Addison — Busy young actor Kate Hamill was more and more bothered by the lack of meaty, meaningful roles for women onstage, especially, perhaps, in the classics of English literature she loved. Being a resourceful sort, she wasn’t content to let things stay that way. Hamill told a recent interviewer she woke one day and said, “Oh, God, I’m gonna have to write them myself, aren’t I?”
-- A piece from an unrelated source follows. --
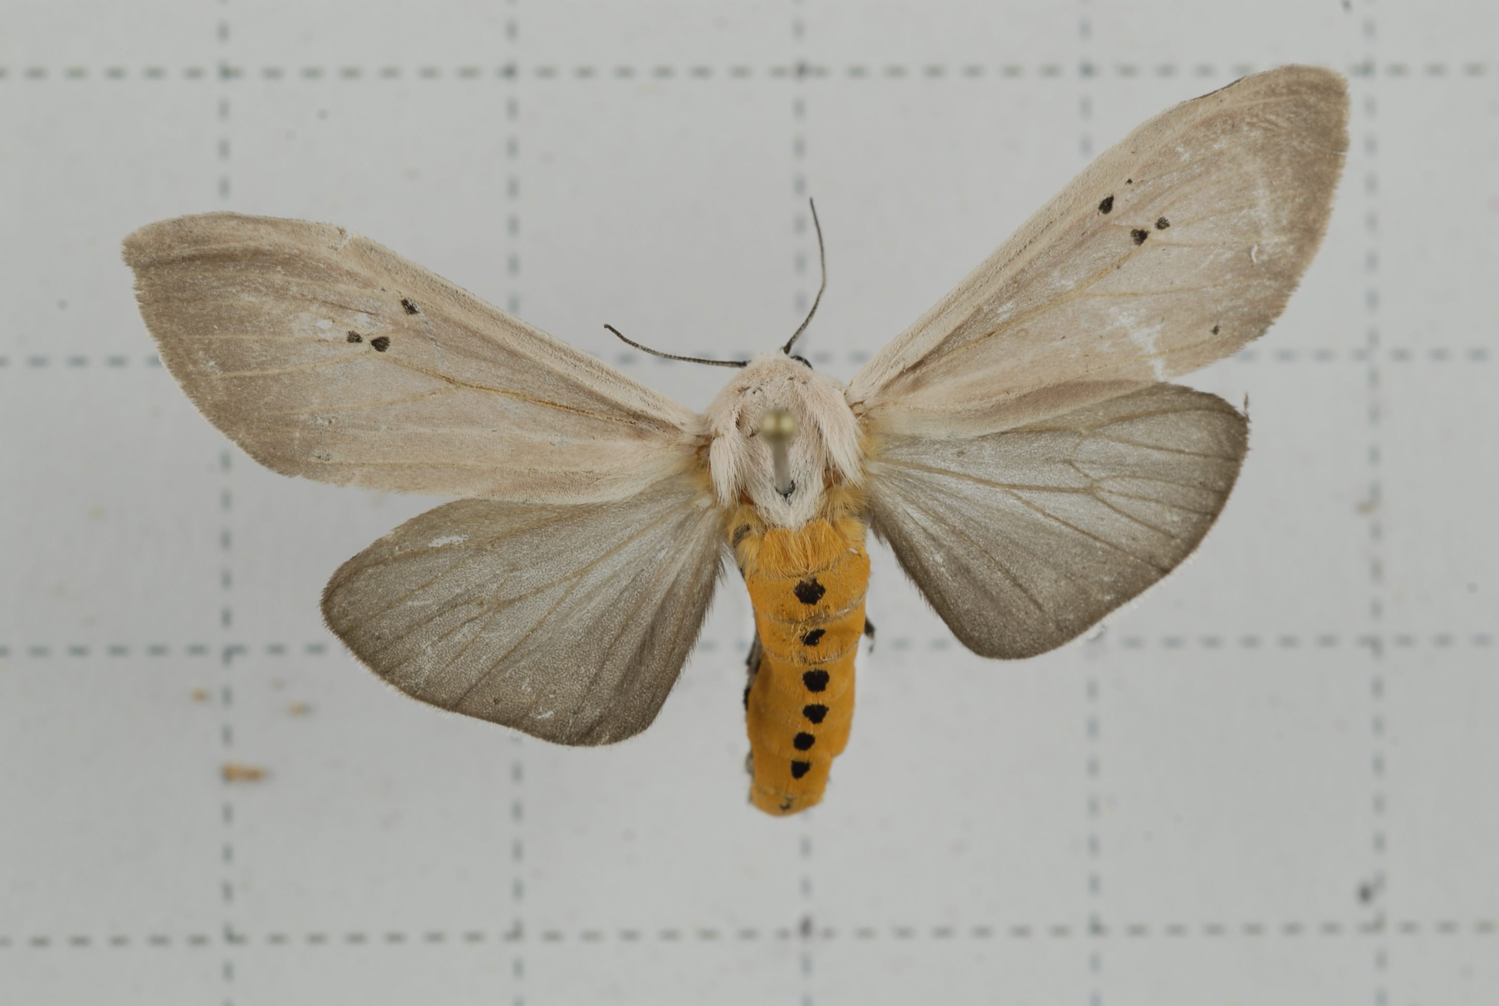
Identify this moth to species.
Creatonotos transiens koni

Hamill’s sparkling, romping adaptation (for NYC’s Bedlam theater company) of Jane Austen’s Sense and Sensibility premiered in New York in 2014, and was revived for a sold-out run in 2016 and 2017 at The Gym at Judson, a literal gym space off Washington Square that gave it room to move…and play. Eric Tucker directed and Hamill was Marianne, one of the two sisters at the heart of the story.
Early this year, in her blazing, biting adaptation of Thackeray’s Vanity Fair at The Pearl Theatre Company (also directed by Tucker), Hamill was Becky Sharp, a poor girl who rises on nothing but her ruthless determination. No better than she ought to be, that one—and we rather loved her anyway.
Now WaterTower Theatre has snared one of the first flights of Hamill’s latest hit, her riff on the Austen mothership Pride and Prejudice—which premiered at the Hudson Valley Shakespeare Festival just this summer. WaterTower’s promotional video for the production features a basketball-playing cast—in sweatbands, sneakers and period dress—all true to Hamill’s theme of courtship and marriage as a love-game we’re all trying to win. This regional premiere is an opportunity for WTT’s new artistic director Joanie Schultz to put her own stamp on work by one of the country’s most exuberant young playwrights.
The WaterTower cast features Justin Duncan as Mr. Bingley/Mary, Steph Garrett as Lydia/Lady Catherine, Bob Hess as Mr. Bennet/Charlotte Lucas, Jenny Ledel as Lizzy, John-Michael Marrs as Mr. Darcy, Kate Paulsen as Jane/Miss De Bourgh, Brandon Potter as Mr. Wickham/Mr. Collins/Miss Bingley, and Wendy Welch as Mrs. Bennet. (Side note since we’ve mentioned Pride and Prejudice and Vanity Fair: Ledel played the title character in Gina Gionfriddo’s Becky Shaw, a contemporary play inspired by Vanity Fair, at Kitchen Dog Theater years ago.)
Hamill will see the WaterTower production on Saturday, Oct. 14, and participate in a conversation after the performance. See the full schedule of Intersections events at the bottom of this interview.
TheaterJones recently called her in New York City to talk shop.
TheaterJones: Well, we’re very excited to have Pride and Prejudice here so quickly after its premiere a few months ago. Your Austen adaptations—Sense and Sensibility came first—seem to be going around the country at warp speed.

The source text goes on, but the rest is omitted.